- _Problem statement_
Repeat the records verbatim and leave the pictures out of your copy.
- - -
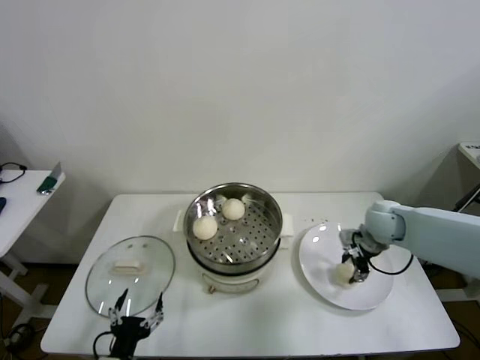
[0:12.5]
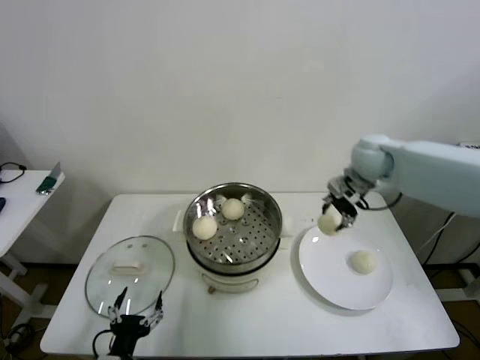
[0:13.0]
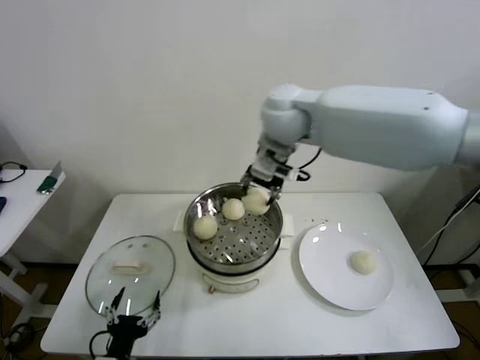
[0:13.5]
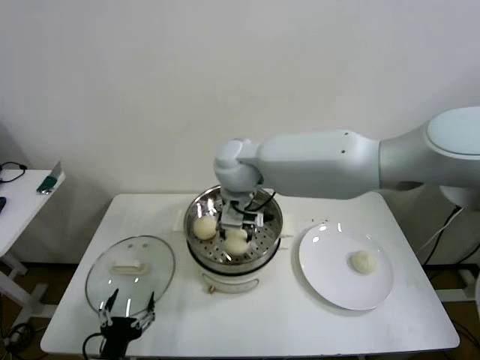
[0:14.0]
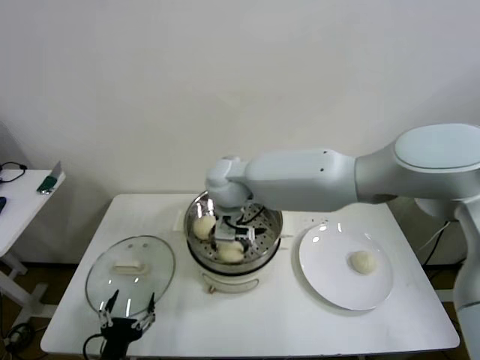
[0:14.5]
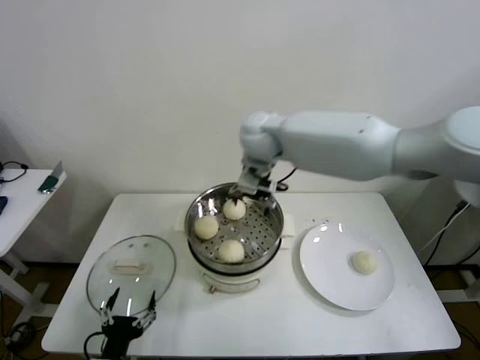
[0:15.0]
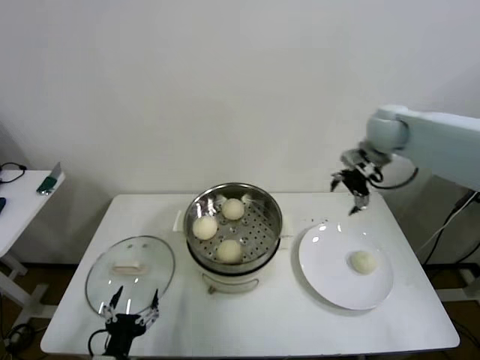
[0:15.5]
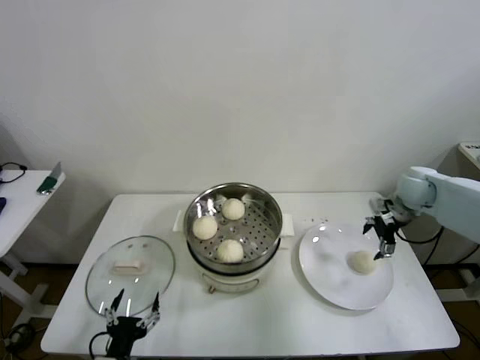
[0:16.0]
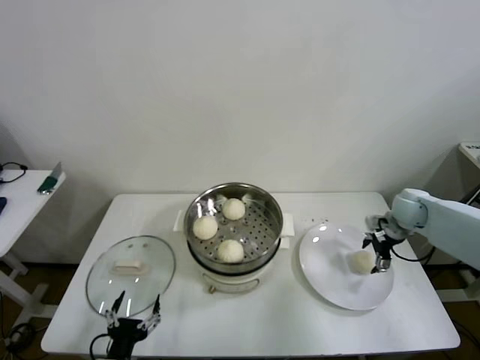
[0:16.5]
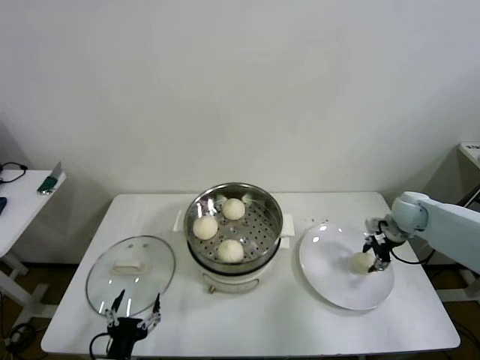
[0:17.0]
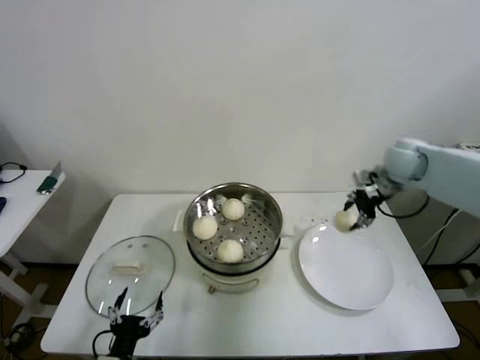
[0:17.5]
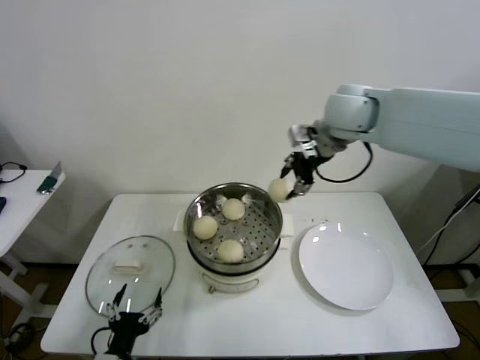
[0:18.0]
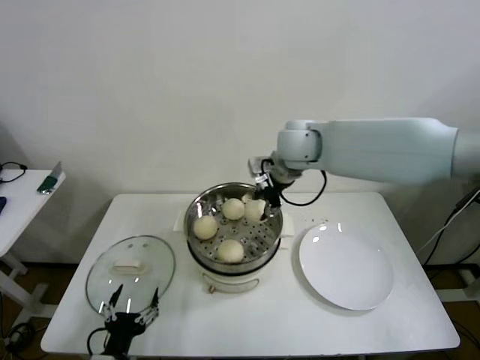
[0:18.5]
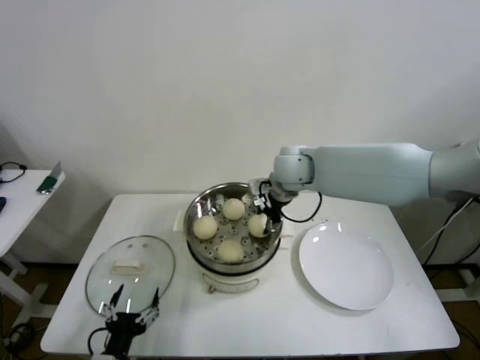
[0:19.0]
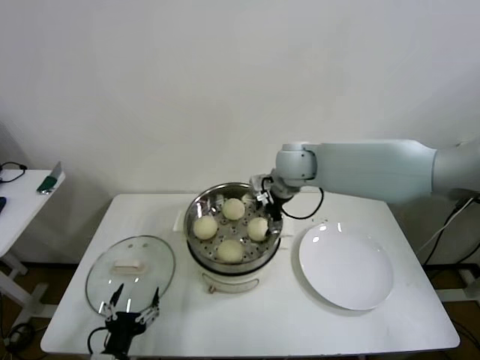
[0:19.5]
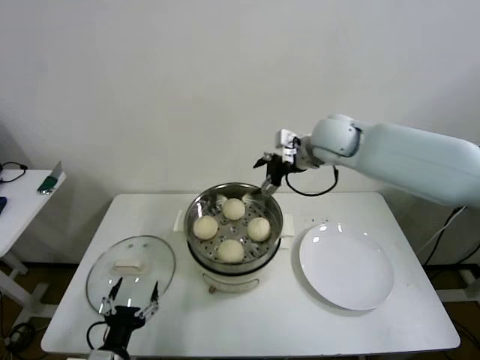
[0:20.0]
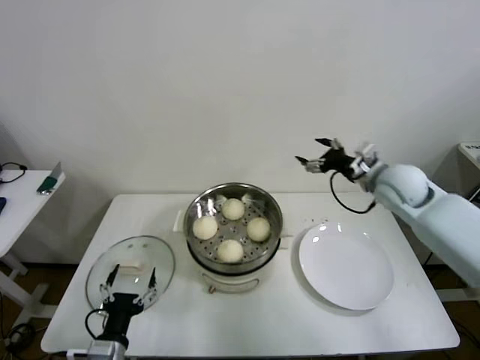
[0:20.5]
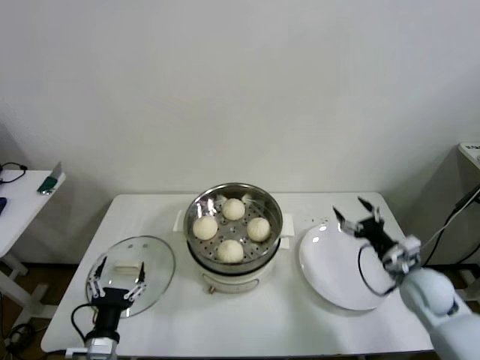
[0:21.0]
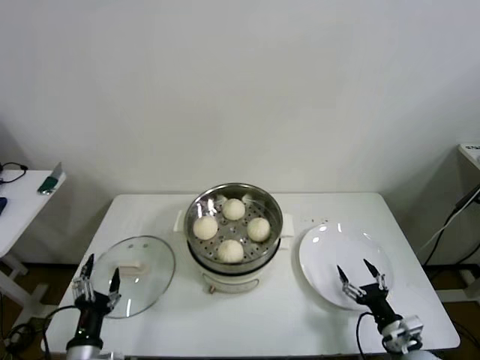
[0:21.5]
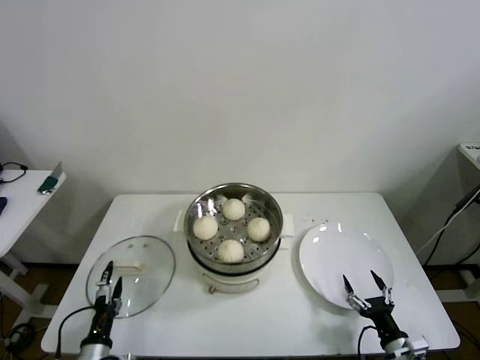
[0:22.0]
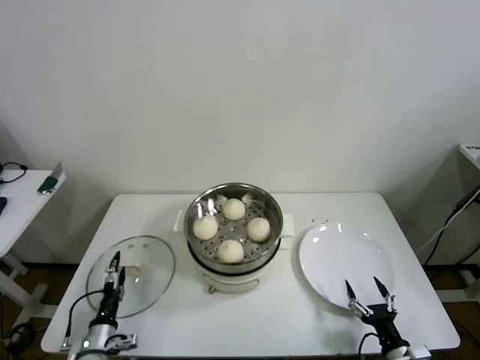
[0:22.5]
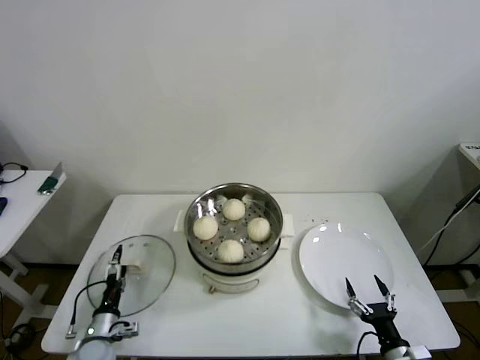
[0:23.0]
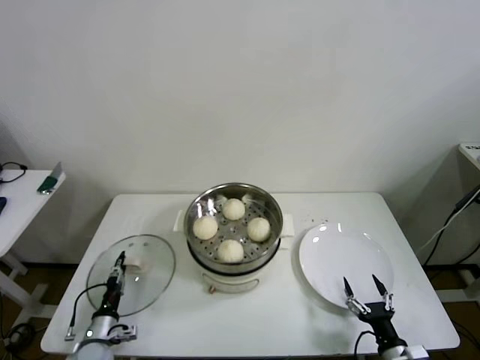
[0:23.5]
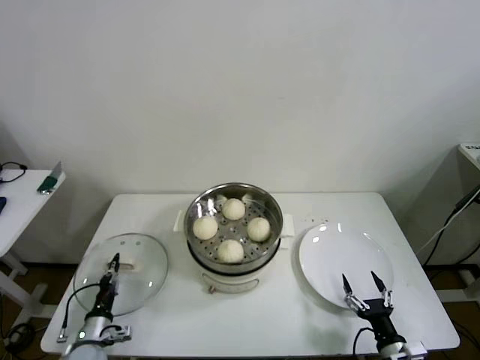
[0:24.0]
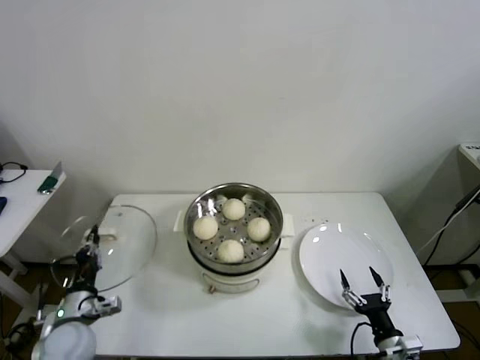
- - -
- _Exercise result_
[0:12.5]
[0:13.0]
[0:13.5]
[0:14.0]
[0:14.5]
[0:15.0]
[0:15.5]
[0:16.0]
[0:16.5]
[0:17.0]
[0:17.5]
[0:18.0]
[0:18.5]
[0:19.0]
[0:19.5]
[0:20.0]
[0:20.5]
[0:21.0]
[0:21.5]
[0:22.0]
[0:22.5]
[0:23.0]
[0:23.5]
[0:24.0]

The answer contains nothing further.